Soon after President Obama delivered his enlightened speech at Cairo University in Egypt last Thursday, the right wing reflexively launched into attack mode. Led by Fox News, conservatives off all stripes began (again) touting the speech as another “tour of apology.” Charles Krauthammer claimed Obama “was exceedingly weak” on Iran, while a sizable right-wing chorus bemoaned what they deemed as instances of “moral equivalency” in the speech. “I think it makes America look weak,” House Minority Leader John Boehner (R-OH) complained of the speech.
However, during an interview with Bloomberg News this past weekend, Sen. Richard Lugar (R-IN), ranking member of Foreign Relations Committee, broke ranks with his party’s criticism of Obama. Lugar called it an “important speech,” adding that he “thought” it “struck the right tone.” Asked if Obama was “tough enough” on Iran, Lugar responded, “Oh I suspect so for that particular purpose.”
When Hunt asked if “there was a moral equivalence message in the speech,” Lugar didn’t take the bait. “I think there was some attempt to find a balanced nuanced situation,” he replied. And then he distanced himself from Boehner:
HUNT: How about the charge of some critics like Republican leader John Boehner that it was too apologetic, that it was too weak and almost groveling?
LUGAR: I do not agree with that.
Lugar expounded on the “moral equivalency” charges, especially with respect to the Israeli-Palestinian issue by pointing out that Obama was simply “asking people to forget the past” because the arguments about which side has suffered more bring you “back to square one.”
Commenting on the right wing’s “apology tour” cries, Lugar said there is “a lack of sympathy for our country,” adding, “We probably as Americans need to give a lot of speeches in the Arab world.”
LUGAR: I’m prepared to congratulate the president for really a signal achievement that doesn’t really change materially things on the ground and when he attempted to talk about things on the ground — the Palestinian-Israeli situation — both sides felt that after all he was equating their plight with a great deal of equality and as they see it, history has not been that way. If you were looking at it from the Israeli standpoint, that the suffering and holocaust and other occasions as well beyond what would seem to be found in equivalence here and likewise the Muslim and Arab world feels clearly that the Israelis are still intruders. So you’re back to square one. The president is asking people to forget the past.
HUNT: But you’ve seen the speech, do you think there was a moral equivalence message in the speech?
LUGAR: I think there was some attempt to find a balanced nuanced situation. And that always runs the danger, that whichever group feels more aggrieved will feel the president or whoever is giving the speech is less acute in his observations.

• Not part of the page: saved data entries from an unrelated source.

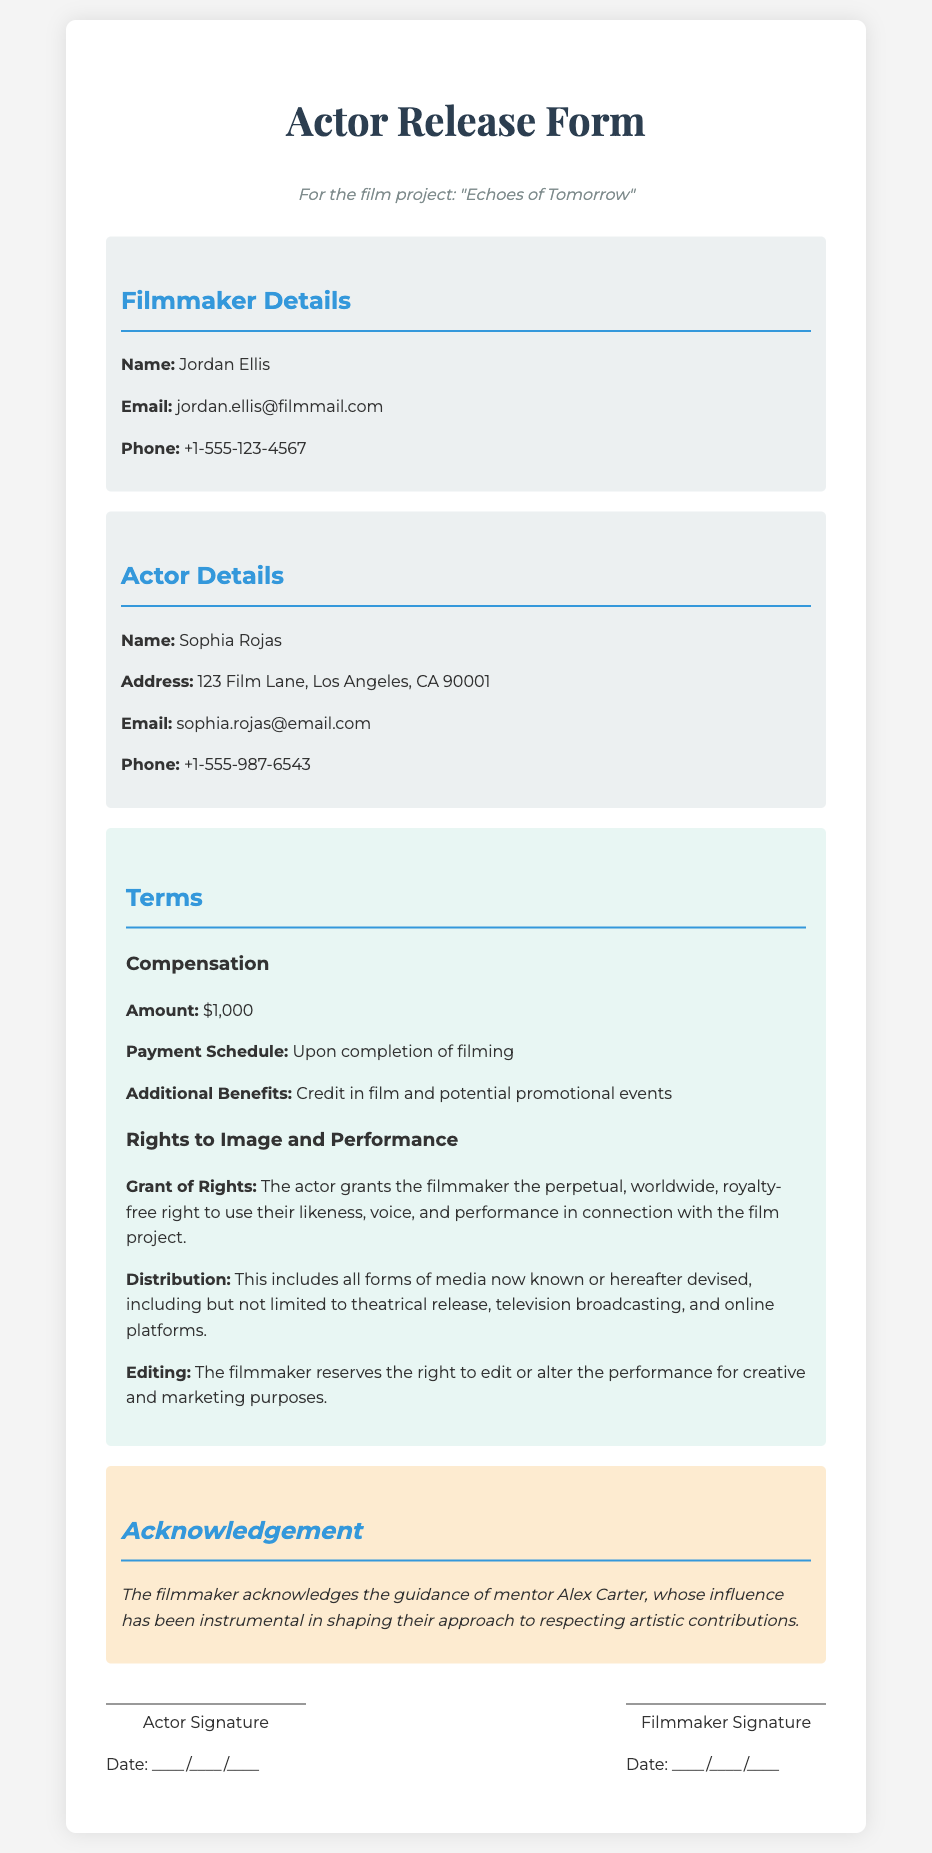What is the name of the filmmaker? The document lists the filmmaker's name as Jordan Ellis.
Answer: Jordan Ellis What is the film project title? The title of the film project is specified at the top of the document as "Echoes of Tomorrow."
Answer: Echoes of Tomorrow What is the compensation amount for the actor? The document states the compensation amount for the actor is $1,000.
Answer: $1,000 When will the payment be made? The payment schedule indicates payment will be made upon completion of filming.
Answer: Upon completion of filming What rights does the actor grant to the filmmaker? The document specifies that the actor grants the filmmaker a perpetual, worldwide, royalty-free right to use their likeness, voice, and performance.
Answer: Perpetual, worldwide, royalty-free right What is the additional benefit stated in the terms? The terms include that the actor will receive credit in the film and potential promotional events.
Answer: Credit in film and potential promotional events Who is acknowledged as a mentor in the document? The filmmaker acknowledges mentor Alex Carter in shaping their approach to respecting artistic contributions.
Answer: Alex Carter What type of document is this? The document is a release form specifically for actors participating in a film project.
Answer: Actor Release Form 
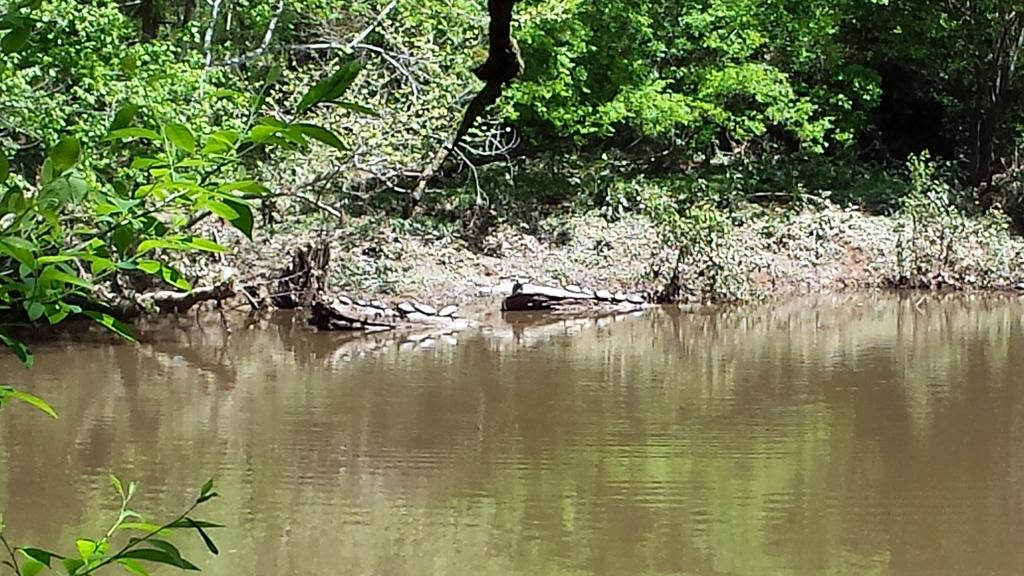What type of vegetation can be seen in the image? There are trees and plants in the image. What natural element is visible in the image? There is water visible in the image. What type of terrain is present in the image? There is sand in the image. Where is the pin located in the image? There is no pin present in the image. What does the mom do in the image? There is no reference to a mom or any person in the image, so it's not possible to answer that question. 
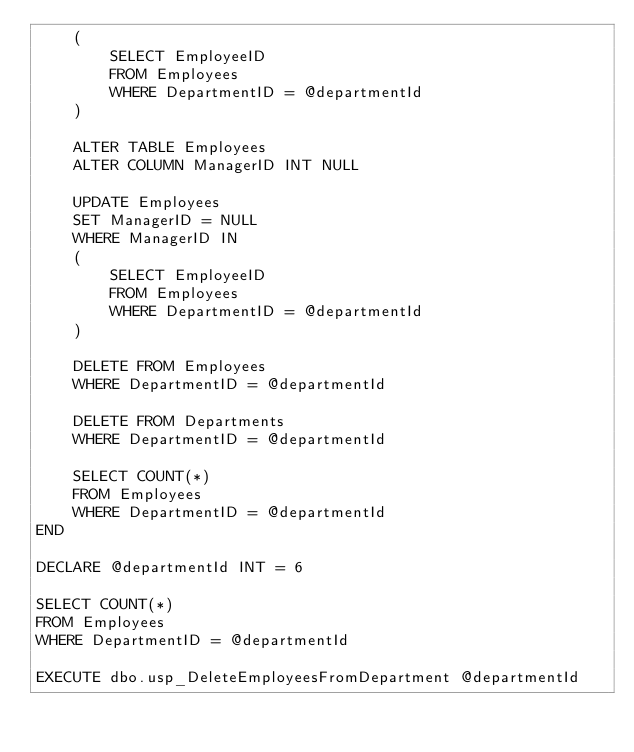Convert code to text. <code><loc_0><loc_0><loc_500><loc_500><_SQL_>	(
		SELECT EmployeeID
		FROM Employees
		WHERE DepartmentID = @departmentId
	)

	ALTER TABLE Employees
	ALTER COLUMN ManagerID INT NULL

	UPDATE Employees
	SET ManagerID = NULL
	WHERE ManagerID IN
	(
		SELECT EmployeeID
		FROM Employees
		WHERE DepartmentID = @departmentId
	)

	DELETE FROM Employees
	WHERE DepartmentID = @departmentId

	DELETE FROM Departments
	WHERE DepartmentID = @departmentId

	SELECT COUNT(*)
	FROM Employees
	WHERE DepartmentID = @departmentId
END

DECLARE @departmentId INT = 6

SELECT COUNT(*)
FROM Employees
WHERE DepartmentID = @departmentId

EXECUTE dbo.usp_DeleteEmployeesFromDepartment @departmentId
</code> 
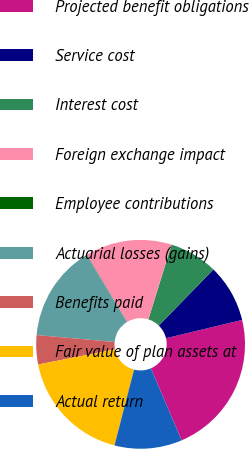<chart> <loc_0><loc_0><loc_500><loc_500><pie_chart><fcel>Projected benefit obligations<fcel>Service cost<fcel>Interest cost<fcel>Foreign exchange impact<fcel>Employee contributions<fcel>Actuarial losses (gains)<fcel>Benefits paid<fcel>Fair value of plan assets at<fcel>Actual return<nl><fcel>22.33%<fcel>8.97%<fcel>7.48%<fcel>13.42%<fcel>0.06%<fcel>14.91%<fcel>4.51%<fcel>17.88%<fcel>10.45%<nl></chart> 
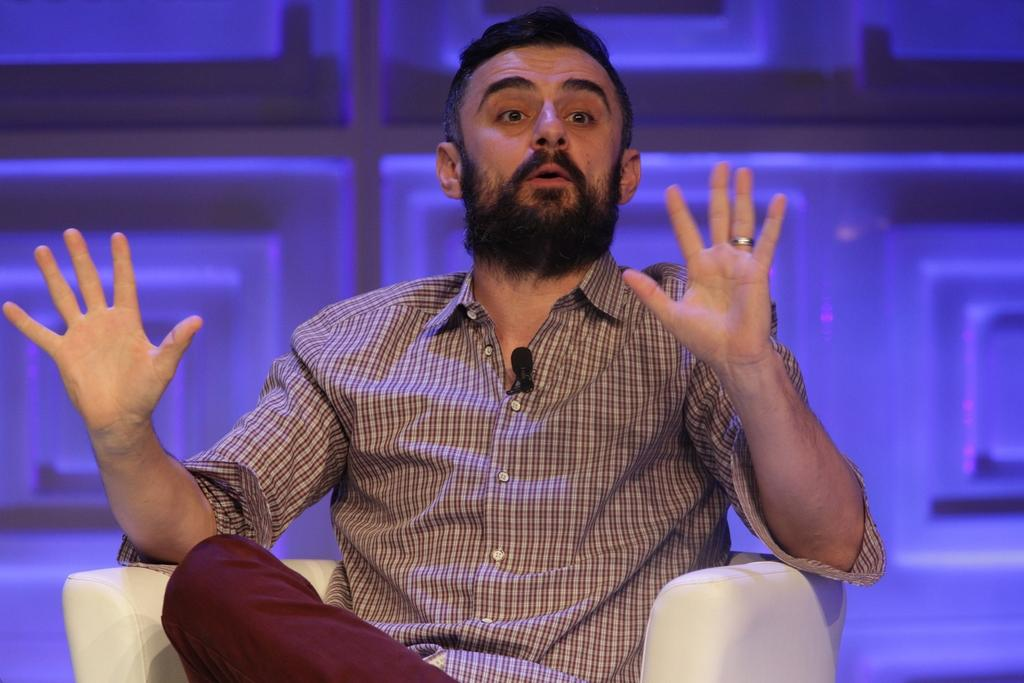Who is the main subject in the image? There is a man in the center of the image. Can you describe the man's facial hair? The man has a beard and a mustache. What is the man wearing in the image? The man is wearing a shirt. Where is the man sitting in the image? The man is sitting on a white color couch. What can be seen in the background of the image? There are objects in the background of the image. What type of insurance policy is the man discussing with the cracker in the image? There is no cracker or insurance policy present in the image; it only features a man sitting on a couch. 
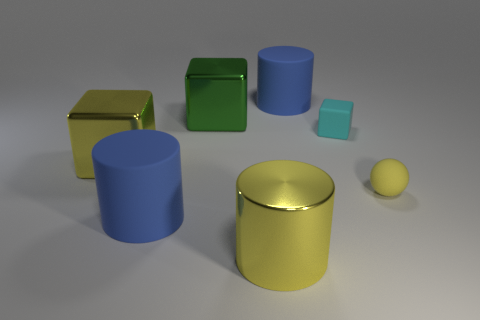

HUNT: How about the charge of some critics like Republican leader John Boehner that it was too apologetic, too weak and almost groveling?
LUGAR: I do not agree with that. I believe that the president understands that American popularity in most of the countries, whether it is the pew poll or others — indicates a lack of sympathy for our country. We always rationalize and say it is not the American people; it’s the leader whomever it happens to be. And so some would say after all this is a new leader and to some extent, because Senator [sic] Obama has attempted to strike some of the right notes rhetorically. There is something going for him there. But I would say that for the moment, we probably as Americans need to give a lot of speeches in the Arab world.
HUNT: Was he tough enough on Iran?
LUGAR: Oh I suspect so for that particular purpose. He is attempting to guide Arab nations at a time when they feel fearful of Iranian breaking out into nuclear weapons. They understand the problems that would have with all of this. They also understand the sensitivities of many people in the streets, literally, in countries where there still are authoritarian leaders.